Question

Prove that a single-tape Turing Machine that is not allowed to write on the input portion of the tape can only recognize regular languages.

Answer 1

Ans:

Let M = (Q, Σ, Γ, q₀, q_accept, q_reject) be a single-tape TM that cannot write on the input portion of the tape. A typical case when M works on an input string x is as follows: the tape head will stay in the input portion for some time, and then enter the non-input portion (i.e., the portion of the tape on the right of the |x|^th cells) and stay there for some time, then go back to the input portion, and stay there for some time, and then enter the non-input portion, and so on. We call the event that the tape head switches from input portion to non-input portion an out event, and the event that the tape head switches from non-input portion to input-portion an in event.

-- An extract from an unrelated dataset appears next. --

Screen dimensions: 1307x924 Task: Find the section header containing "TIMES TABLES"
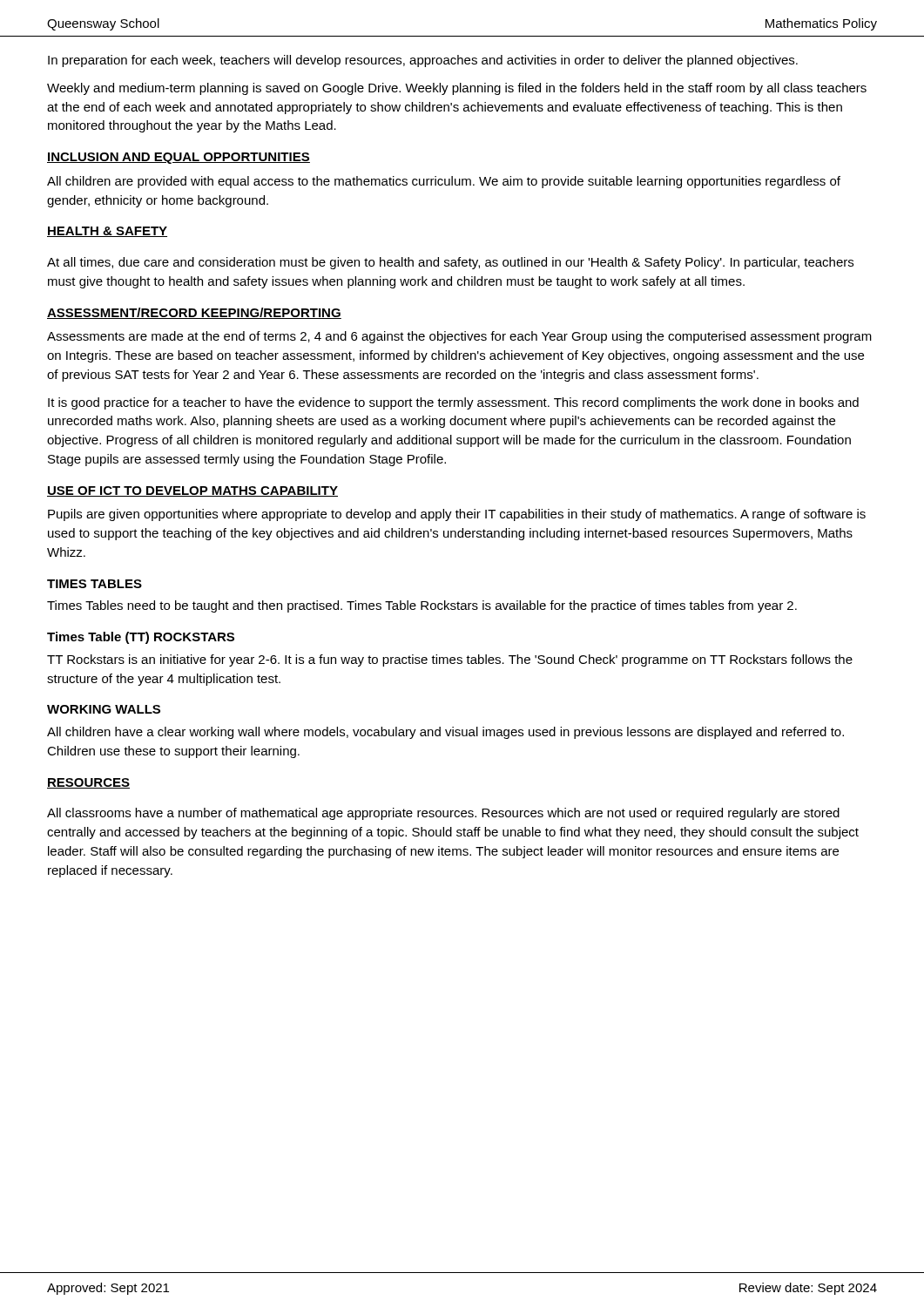click(x=94, y=583)

Let first_x denote the state that M is in just after its first “out” event (i.e., the state of M when it first enters the non-input portion). In case M never enters the non-input portion, we assign first_x = q_accept if M accepts x, and assign first_x = q_reject if M does not accept x. Next, we define a characteristic function f_x such that for any q ∈ Q, f_x(q) = q' implies that if M is at state q and about to perform an “in” event, the next “out” event will change M in state q' ; in case M never enters the non-input portion again, we assign f_x(q) = q_accept if M enters the accept state inside the input portion, and qreject otherwise.

It is easy to check that if for two strings x and y, if first_x = first_y and for all q, f_x(q) = f_y(q), we have x and y are indistinguishable by M. (That is, M accepts xz if and only if M accepts yz.) As there are finite choices of first_x and f_x (precisely, |Q|^|Q|+1 such choices), the number of distinguishable strings are finite. By Myhill-Nerode theorem, the language recognized by M is regular.